Aim of the exercise:
For this exercise, return exactly the lines of the material below that begin at the one with "Your answer should be very brief. Yes. Is" and stop after the one with "Offer a very short reply. No.".

Records provided:

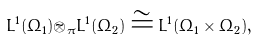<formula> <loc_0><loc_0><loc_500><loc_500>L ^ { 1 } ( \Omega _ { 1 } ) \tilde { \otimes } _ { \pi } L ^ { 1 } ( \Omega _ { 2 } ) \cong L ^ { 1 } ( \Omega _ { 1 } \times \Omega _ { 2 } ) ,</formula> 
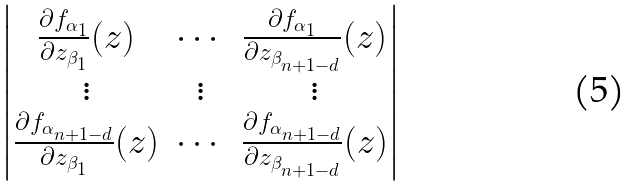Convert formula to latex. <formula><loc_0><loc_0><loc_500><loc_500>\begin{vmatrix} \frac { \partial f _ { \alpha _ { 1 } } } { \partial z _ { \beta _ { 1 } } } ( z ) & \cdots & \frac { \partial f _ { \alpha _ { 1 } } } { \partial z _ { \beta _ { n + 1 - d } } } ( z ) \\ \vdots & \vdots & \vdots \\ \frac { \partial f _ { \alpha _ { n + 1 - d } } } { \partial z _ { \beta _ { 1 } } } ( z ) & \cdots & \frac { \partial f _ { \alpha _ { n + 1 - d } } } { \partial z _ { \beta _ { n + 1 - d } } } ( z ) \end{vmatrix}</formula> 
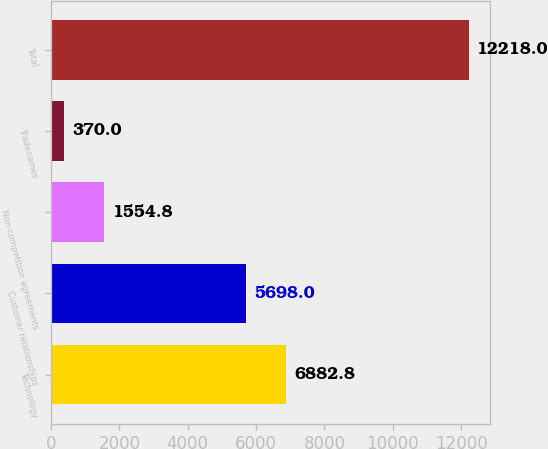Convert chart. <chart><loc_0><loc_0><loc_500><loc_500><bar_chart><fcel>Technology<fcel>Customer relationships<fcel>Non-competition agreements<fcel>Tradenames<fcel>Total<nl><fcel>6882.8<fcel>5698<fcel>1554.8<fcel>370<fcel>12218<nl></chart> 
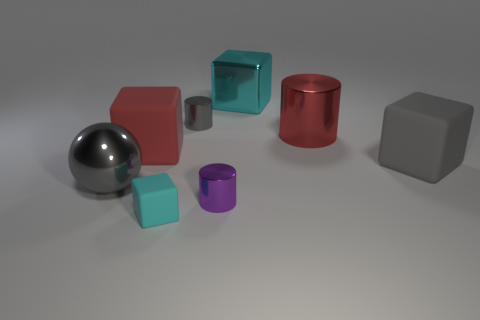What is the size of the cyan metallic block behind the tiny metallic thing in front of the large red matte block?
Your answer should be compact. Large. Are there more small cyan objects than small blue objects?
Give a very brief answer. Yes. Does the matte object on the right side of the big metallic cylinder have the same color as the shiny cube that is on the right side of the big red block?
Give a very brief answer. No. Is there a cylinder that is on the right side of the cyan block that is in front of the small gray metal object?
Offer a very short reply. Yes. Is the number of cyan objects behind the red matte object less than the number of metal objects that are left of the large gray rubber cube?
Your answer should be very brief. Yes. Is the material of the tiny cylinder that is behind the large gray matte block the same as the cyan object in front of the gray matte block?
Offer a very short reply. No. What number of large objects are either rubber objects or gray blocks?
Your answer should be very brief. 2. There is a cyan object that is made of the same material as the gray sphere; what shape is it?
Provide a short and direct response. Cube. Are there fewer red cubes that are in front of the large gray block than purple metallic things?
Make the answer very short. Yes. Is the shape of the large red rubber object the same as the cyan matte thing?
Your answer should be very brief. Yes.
--
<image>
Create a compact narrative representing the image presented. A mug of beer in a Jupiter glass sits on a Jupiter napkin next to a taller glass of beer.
...
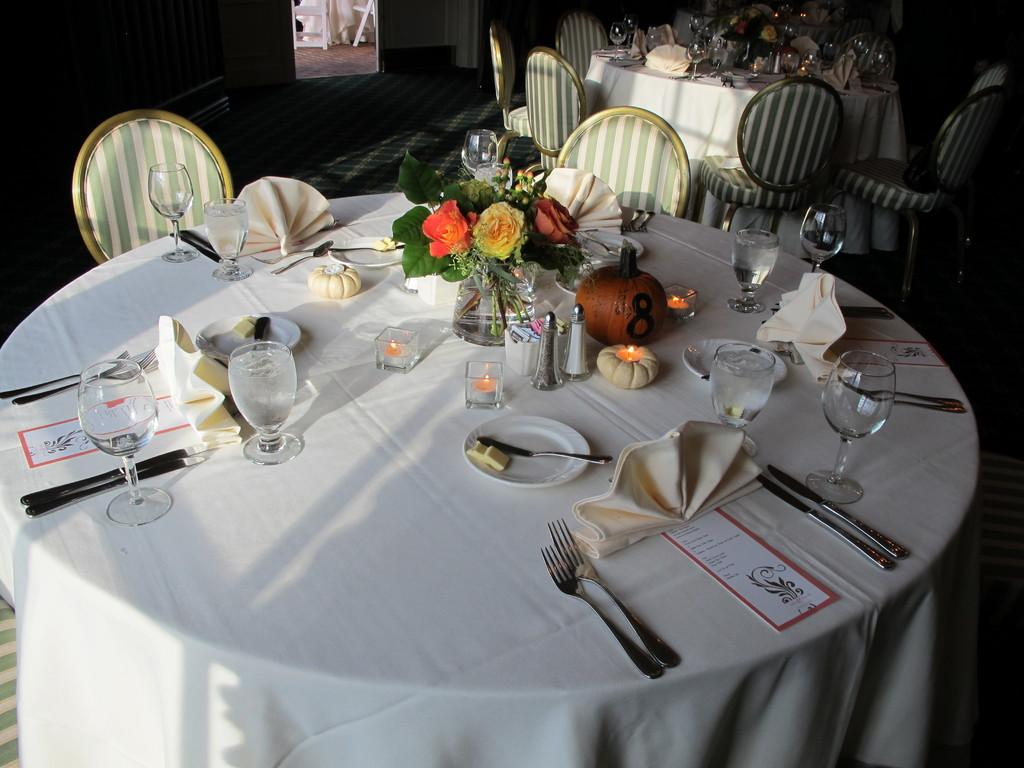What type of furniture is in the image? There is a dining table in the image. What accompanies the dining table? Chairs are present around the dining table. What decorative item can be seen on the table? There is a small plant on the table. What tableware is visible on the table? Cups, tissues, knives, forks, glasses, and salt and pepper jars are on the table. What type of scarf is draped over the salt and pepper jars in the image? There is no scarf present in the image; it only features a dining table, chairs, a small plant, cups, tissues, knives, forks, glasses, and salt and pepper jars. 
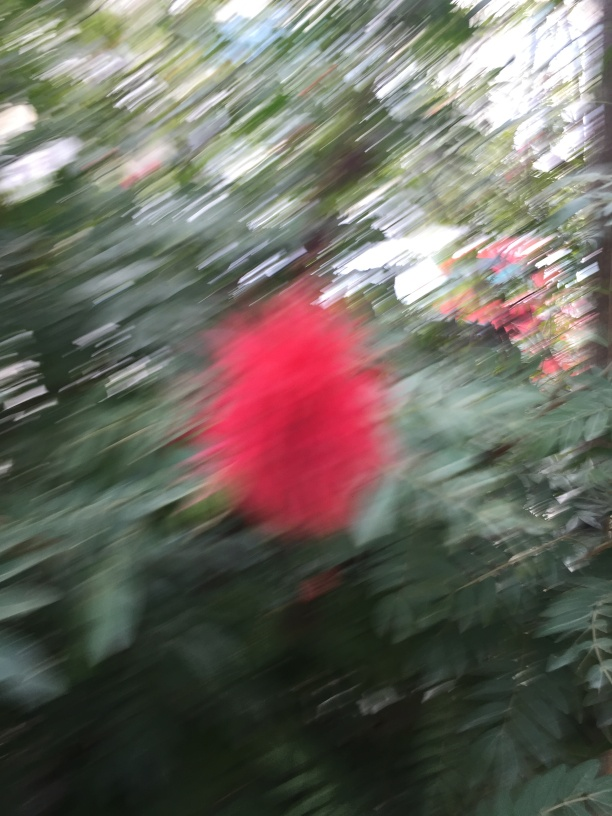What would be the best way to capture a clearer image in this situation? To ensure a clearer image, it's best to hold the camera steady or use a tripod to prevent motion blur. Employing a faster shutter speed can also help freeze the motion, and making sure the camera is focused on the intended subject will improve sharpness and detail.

Output for this exercise:
Your answer should be very brief. Yes. Is the material of the tiny cylinder that is behind the large gray matte block the same as the cyan object in front of the gray matte block?
Offer a very short reply. No. What number of large objects are either rubber objects or gray blocks?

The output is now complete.